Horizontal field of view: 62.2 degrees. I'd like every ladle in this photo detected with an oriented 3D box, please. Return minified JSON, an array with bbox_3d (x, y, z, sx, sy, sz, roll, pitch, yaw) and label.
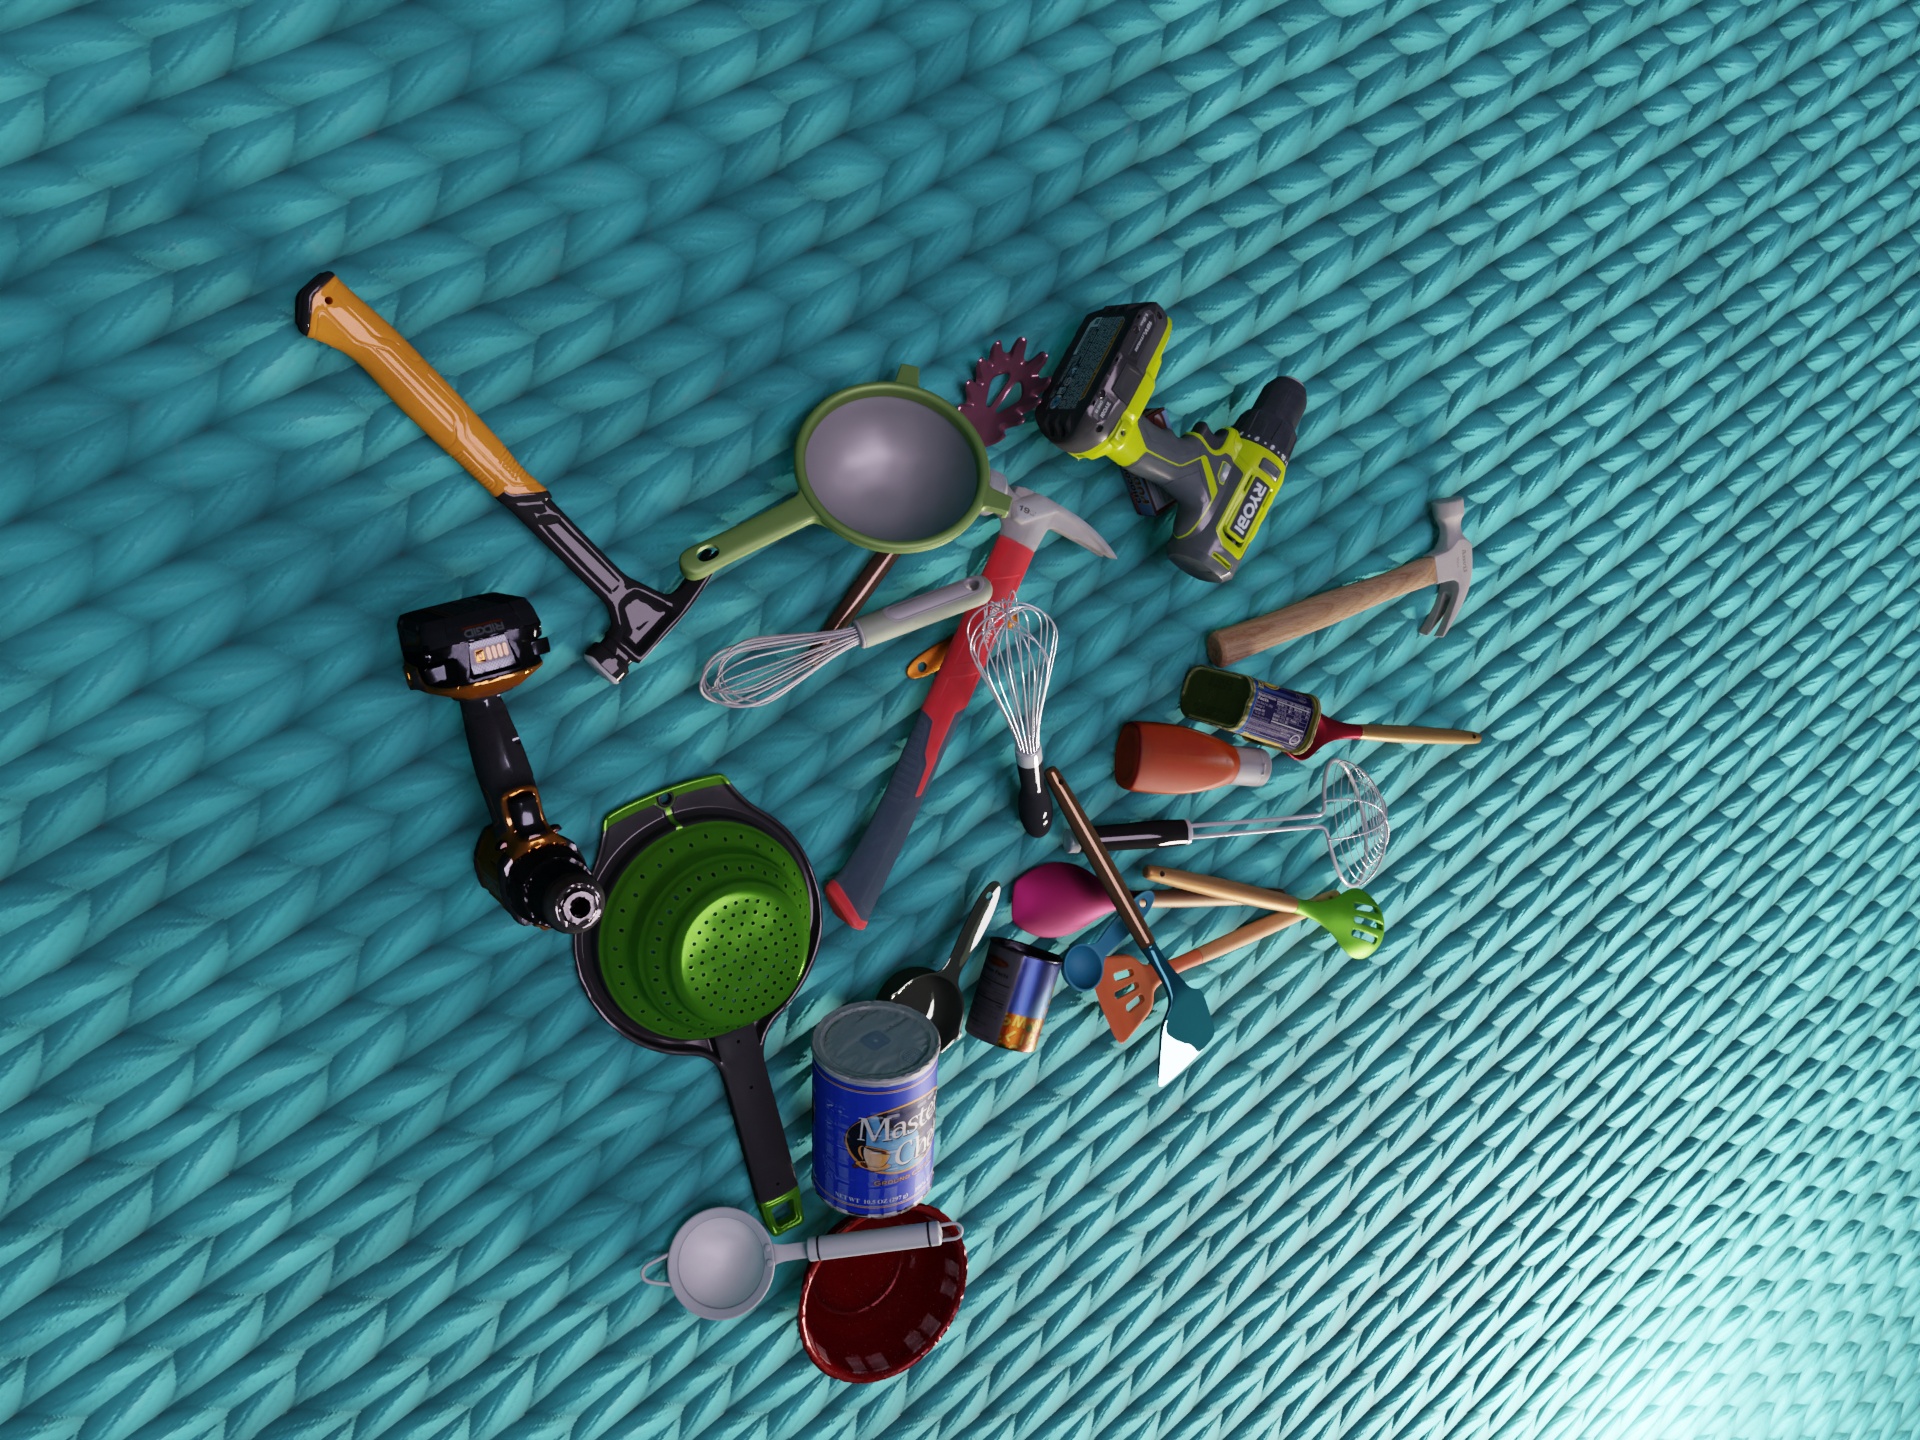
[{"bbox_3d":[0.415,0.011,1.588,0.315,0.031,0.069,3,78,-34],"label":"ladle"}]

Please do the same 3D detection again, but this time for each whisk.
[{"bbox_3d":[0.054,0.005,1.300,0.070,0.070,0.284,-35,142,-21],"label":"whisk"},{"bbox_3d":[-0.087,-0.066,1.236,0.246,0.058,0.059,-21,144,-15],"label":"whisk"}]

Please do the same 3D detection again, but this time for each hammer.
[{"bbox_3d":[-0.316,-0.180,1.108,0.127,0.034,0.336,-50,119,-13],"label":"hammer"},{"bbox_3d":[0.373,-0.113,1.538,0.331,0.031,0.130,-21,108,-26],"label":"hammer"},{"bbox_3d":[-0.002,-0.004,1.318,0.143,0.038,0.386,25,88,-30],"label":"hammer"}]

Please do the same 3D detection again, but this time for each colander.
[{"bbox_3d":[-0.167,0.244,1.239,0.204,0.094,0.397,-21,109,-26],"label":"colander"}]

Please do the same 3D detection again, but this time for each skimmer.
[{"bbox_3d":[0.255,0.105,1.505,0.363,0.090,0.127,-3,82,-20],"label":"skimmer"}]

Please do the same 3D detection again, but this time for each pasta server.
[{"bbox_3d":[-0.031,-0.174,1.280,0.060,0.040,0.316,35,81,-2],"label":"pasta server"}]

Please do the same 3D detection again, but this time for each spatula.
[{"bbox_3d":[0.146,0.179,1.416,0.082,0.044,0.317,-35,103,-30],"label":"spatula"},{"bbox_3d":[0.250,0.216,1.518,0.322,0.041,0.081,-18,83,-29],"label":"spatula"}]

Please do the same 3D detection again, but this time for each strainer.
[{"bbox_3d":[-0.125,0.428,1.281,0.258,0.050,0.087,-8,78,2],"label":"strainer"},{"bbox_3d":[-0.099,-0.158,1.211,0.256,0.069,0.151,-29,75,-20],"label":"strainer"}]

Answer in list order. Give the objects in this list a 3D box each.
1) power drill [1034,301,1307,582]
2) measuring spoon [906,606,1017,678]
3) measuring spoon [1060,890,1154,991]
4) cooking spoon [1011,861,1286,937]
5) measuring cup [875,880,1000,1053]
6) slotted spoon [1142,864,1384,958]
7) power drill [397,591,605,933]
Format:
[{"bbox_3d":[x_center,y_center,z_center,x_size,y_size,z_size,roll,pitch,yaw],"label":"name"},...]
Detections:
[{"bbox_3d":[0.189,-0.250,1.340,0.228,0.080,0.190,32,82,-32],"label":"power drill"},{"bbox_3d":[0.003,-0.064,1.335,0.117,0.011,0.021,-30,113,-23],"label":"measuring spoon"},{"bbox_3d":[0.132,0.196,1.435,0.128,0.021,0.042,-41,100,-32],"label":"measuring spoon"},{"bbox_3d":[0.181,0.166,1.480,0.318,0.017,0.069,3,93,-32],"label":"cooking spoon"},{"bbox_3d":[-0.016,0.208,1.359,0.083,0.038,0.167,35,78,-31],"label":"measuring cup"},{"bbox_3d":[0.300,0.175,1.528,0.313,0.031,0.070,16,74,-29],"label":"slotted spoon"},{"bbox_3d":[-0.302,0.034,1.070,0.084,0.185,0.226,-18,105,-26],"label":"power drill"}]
··········
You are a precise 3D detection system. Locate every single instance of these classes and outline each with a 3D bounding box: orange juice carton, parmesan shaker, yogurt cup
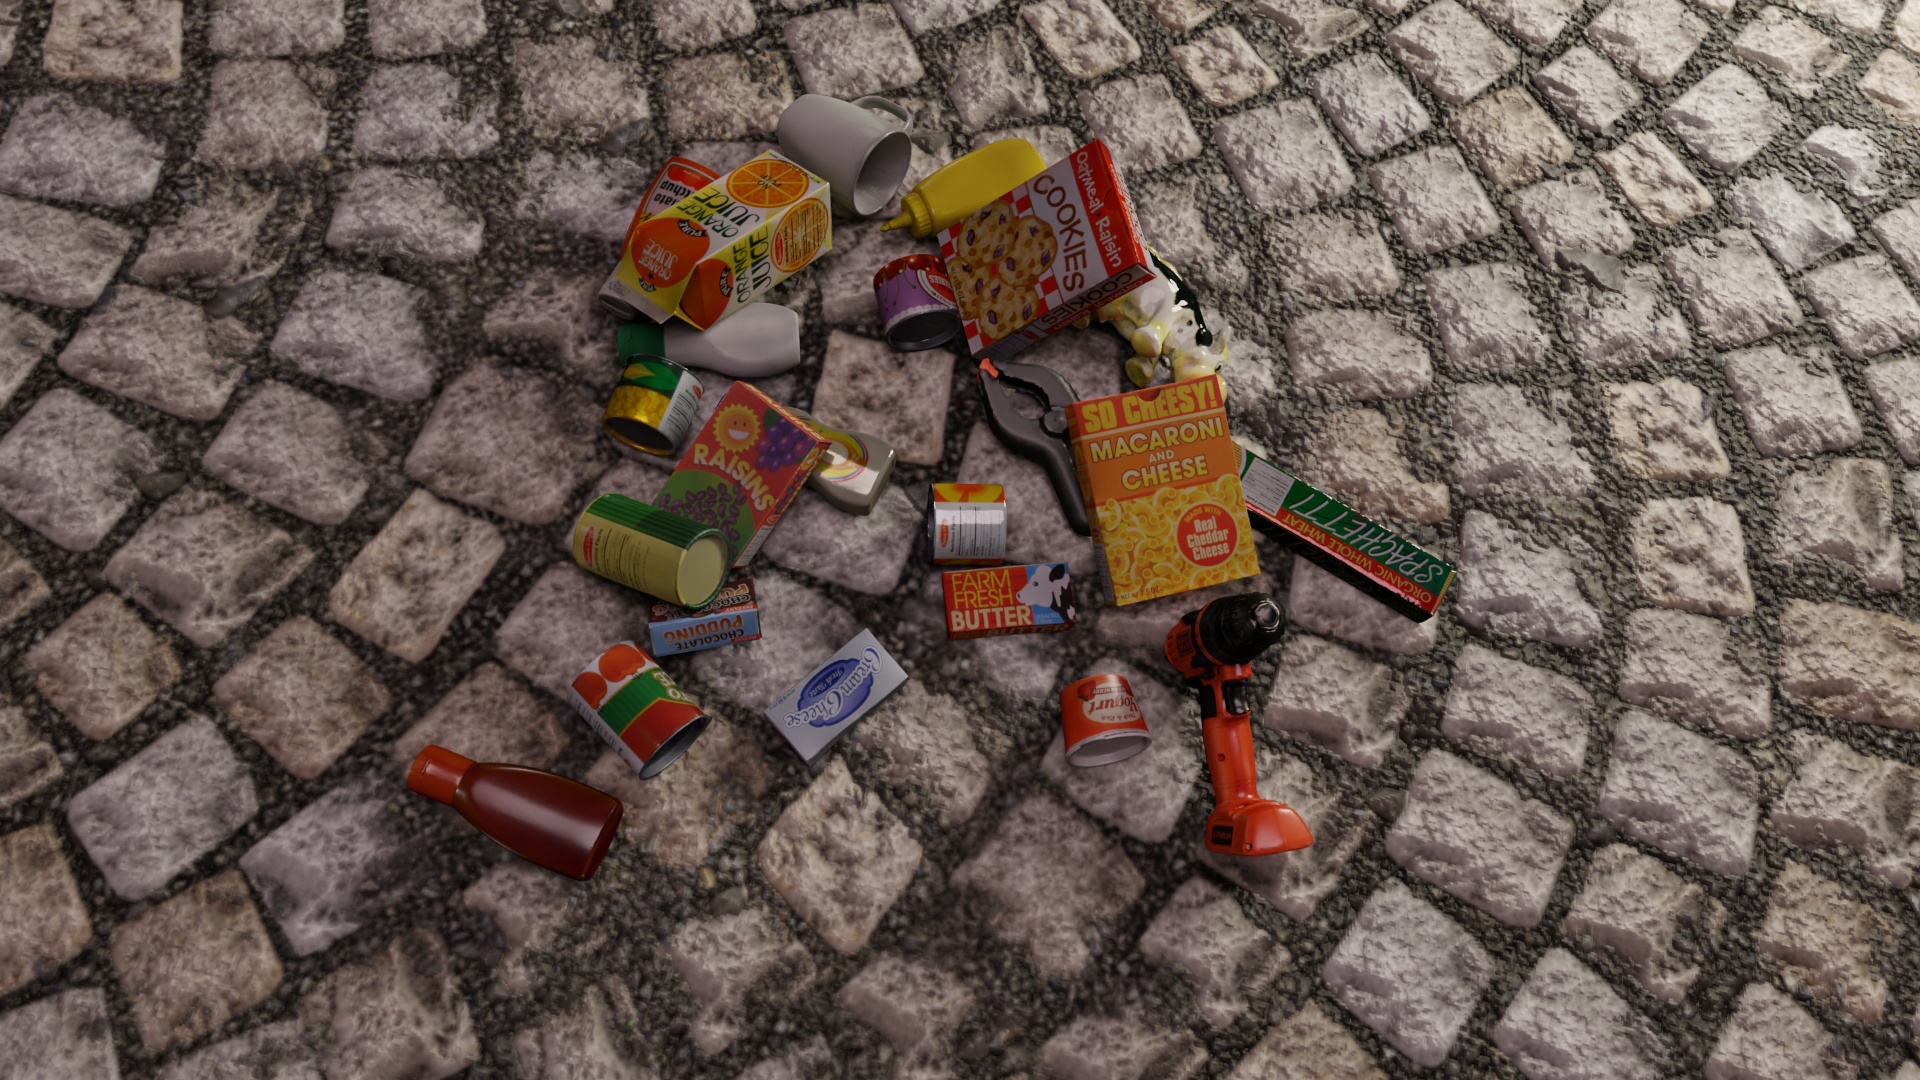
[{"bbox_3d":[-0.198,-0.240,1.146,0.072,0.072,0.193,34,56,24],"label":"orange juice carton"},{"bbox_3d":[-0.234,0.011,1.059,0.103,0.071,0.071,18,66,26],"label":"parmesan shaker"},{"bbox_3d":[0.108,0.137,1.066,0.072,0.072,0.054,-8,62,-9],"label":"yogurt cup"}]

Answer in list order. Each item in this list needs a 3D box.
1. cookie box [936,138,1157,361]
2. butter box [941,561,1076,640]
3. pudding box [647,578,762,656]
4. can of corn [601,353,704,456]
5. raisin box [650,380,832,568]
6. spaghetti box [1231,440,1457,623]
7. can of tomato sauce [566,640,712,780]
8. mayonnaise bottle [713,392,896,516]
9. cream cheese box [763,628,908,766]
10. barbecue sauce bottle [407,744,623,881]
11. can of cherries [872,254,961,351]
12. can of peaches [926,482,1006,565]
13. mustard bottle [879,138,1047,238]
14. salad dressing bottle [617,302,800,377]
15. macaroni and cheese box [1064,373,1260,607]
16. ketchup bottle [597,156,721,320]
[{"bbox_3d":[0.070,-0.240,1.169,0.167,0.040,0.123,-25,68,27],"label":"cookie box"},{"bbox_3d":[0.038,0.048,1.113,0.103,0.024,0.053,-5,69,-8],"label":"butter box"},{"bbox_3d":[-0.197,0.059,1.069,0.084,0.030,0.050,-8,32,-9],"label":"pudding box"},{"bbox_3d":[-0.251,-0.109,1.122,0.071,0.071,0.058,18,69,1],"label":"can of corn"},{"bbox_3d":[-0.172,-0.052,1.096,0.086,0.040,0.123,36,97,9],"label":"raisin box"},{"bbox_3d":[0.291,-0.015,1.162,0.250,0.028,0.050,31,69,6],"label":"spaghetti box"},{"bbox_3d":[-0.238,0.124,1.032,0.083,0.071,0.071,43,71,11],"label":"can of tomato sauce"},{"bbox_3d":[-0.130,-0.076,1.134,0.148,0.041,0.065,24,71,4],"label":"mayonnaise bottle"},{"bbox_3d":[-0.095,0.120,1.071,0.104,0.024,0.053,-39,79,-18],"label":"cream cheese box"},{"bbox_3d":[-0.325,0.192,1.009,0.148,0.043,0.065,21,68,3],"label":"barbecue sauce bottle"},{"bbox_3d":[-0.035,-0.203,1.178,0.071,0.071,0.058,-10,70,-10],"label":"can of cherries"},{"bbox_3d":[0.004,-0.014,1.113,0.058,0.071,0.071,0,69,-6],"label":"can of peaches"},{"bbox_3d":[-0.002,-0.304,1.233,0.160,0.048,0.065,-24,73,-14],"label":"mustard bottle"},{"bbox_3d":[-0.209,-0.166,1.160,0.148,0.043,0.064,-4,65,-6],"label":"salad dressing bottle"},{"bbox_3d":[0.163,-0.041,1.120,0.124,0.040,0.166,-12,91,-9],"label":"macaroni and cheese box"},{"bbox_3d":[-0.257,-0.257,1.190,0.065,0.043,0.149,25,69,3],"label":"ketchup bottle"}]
··········
#### Task instructions
In the entries above, find the line holding "13. mustard bottle [879,138,1047,238]" and the line holding "15. macaroni and", then retype exactly those two lines and every line between them, and nothing else.

#### Answer box
13. mustard bottle [879,138,1047,238]
14. salad dressing bottle [617,302,800,377]
15. macaroni and cheese box [1064,373,1260,607]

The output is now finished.